In the last fifteen years of his life, things got tough for Fosse, and the spark that had enlivened Cabaret and Chicago dimmed. After Chicago he never again worked with a writer or with a first-rate score, and he never again had Verdon, that warm presence, on his stage. He made a number of movies: Lenny (1974), supposedly about Lenny Bruce but really about Bob Fosse, and then All That Jazz (1979), flatly about Bob Fosse, played by Roy Scheider. He used his daughter, Nicole Fosse, as one of the dancers; he used Jessica Lange, a recent girlfriend, as an angel who comes to visit him before his death. The labels on the hero’s Dexedrine bottles bore an address a few doors down from his own house, on West 58th Street. His last movie was Star 80 (1983), about a Playboy centerfold who was murdered by her husband. Anyone who wants to know the specifics can look it up on the Internet. It is appalling.

Fosse had a bleak ending. He retreated to his house in Quogue, on Long Island. He turned down offers to direct movies, such as Flashdance, that he would have been good at, and for which he would have made a lot of money. But he already had a lot of money, from shows like Dancin’, a 1978 anthology musical with, for example, a duet, “The Dream Barre,” in which the man slid his face under the woman’s dress as she did her barre exercises. Bernard Jacobs, the president of the Shubert Organization, accurately called this the “cunnilingus number.” But the problem wasn’t the unsexy sex, or not mostly. It was that, the 1960s and 1970s having passed, people began to notice that Fosse didn’t really have many steps at his command—characteristically, he acknowledged this—or, in the end, many emotions. He remained very influential. In the 1980s, you could barely see a dance in a music video—let alone a TV commercial or a Cirque du Soleil number or a dancercise routine—that wasn’t filtered through his style. But an influence is not necessarily a good influence.

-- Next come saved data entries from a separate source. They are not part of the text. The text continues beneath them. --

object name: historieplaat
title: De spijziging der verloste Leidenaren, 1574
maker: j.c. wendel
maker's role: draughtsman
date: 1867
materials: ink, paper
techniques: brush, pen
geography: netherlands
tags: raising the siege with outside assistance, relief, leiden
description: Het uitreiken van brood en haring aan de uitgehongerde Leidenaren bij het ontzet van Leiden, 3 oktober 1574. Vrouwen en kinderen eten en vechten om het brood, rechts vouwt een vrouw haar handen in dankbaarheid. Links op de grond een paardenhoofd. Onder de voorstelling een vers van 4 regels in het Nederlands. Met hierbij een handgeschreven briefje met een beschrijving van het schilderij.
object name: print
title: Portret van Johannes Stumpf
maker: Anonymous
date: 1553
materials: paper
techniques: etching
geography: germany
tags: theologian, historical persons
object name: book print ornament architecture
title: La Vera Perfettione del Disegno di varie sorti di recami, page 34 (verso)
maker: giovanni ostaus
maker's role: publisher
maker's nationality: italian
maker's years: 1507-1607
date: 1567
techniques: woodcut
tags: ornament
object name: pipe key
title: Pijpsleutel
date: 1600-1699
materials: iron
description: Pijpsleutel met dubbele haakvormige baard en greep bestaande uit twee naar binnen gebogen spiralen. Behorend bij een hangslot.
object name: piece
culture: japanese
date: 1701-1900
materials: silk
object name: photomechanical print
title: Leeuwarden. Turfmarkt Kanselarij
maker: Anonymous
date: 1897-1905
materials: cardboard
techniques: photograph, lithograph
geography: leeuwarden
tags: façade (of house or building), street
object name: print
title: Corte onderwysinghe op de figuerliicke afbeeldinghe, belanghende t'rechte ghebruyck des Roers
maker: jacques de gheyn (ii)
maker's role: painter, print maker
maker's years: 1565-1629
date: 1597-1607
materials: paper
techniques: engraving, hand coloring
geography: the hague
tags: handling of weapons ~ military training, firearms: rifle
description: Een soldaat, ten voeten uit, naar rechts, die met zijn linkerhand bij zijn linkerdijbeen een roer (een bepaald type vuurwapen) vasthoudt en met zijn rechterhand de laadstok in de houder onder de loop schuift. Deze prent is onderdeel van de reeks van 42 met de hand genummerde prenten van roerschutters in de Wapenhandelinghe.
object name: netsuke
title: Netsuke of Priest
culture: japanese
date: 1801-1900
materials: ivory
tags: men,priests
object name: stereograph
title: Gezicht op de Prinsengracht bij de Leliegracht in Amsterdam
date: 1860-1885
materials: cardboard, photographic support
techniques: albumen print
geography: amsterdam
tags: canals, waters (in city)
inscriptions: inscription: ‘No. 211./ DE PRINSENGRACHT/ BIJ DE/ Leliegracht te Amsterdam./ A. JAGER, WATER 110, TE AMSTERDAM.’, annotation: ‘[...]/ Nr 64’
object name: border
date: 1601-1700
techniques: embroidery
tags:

And by now, four decades after the 1980s, you may ask yourself what the difference is between this work and a Vegas floor show. Winkler is not afraid of the question. He flatly says that some of Fosse’s product is leering, tawdry, crude. At the end of All That Jazz, there is a number called “Bye Bye Life,” in which Joe Gideon’s death is played against the Everly Brothers’ sweetly anodyne “Bye Bye Love.” Winkler writes:

It is Fosse’s comment on both his fears of being second-rate and his cynicism about his ability to manipulate an audience. “I hesitate about a movement and think: ‘Oh no. They’ll never buy that. It’s too corny, too show-biz.’ And then I do it, and they love it.”

So he does it again, and he hates himself, and hates them.

In 1987, at the age of sixty, while walking down the street with Verdon—they were on their way to the opening of a revival of Sweet Charity—Fosse had a heart attack, his second. He died in the hospital emergency room. For his reputation’s sake, this was not a moment too soon.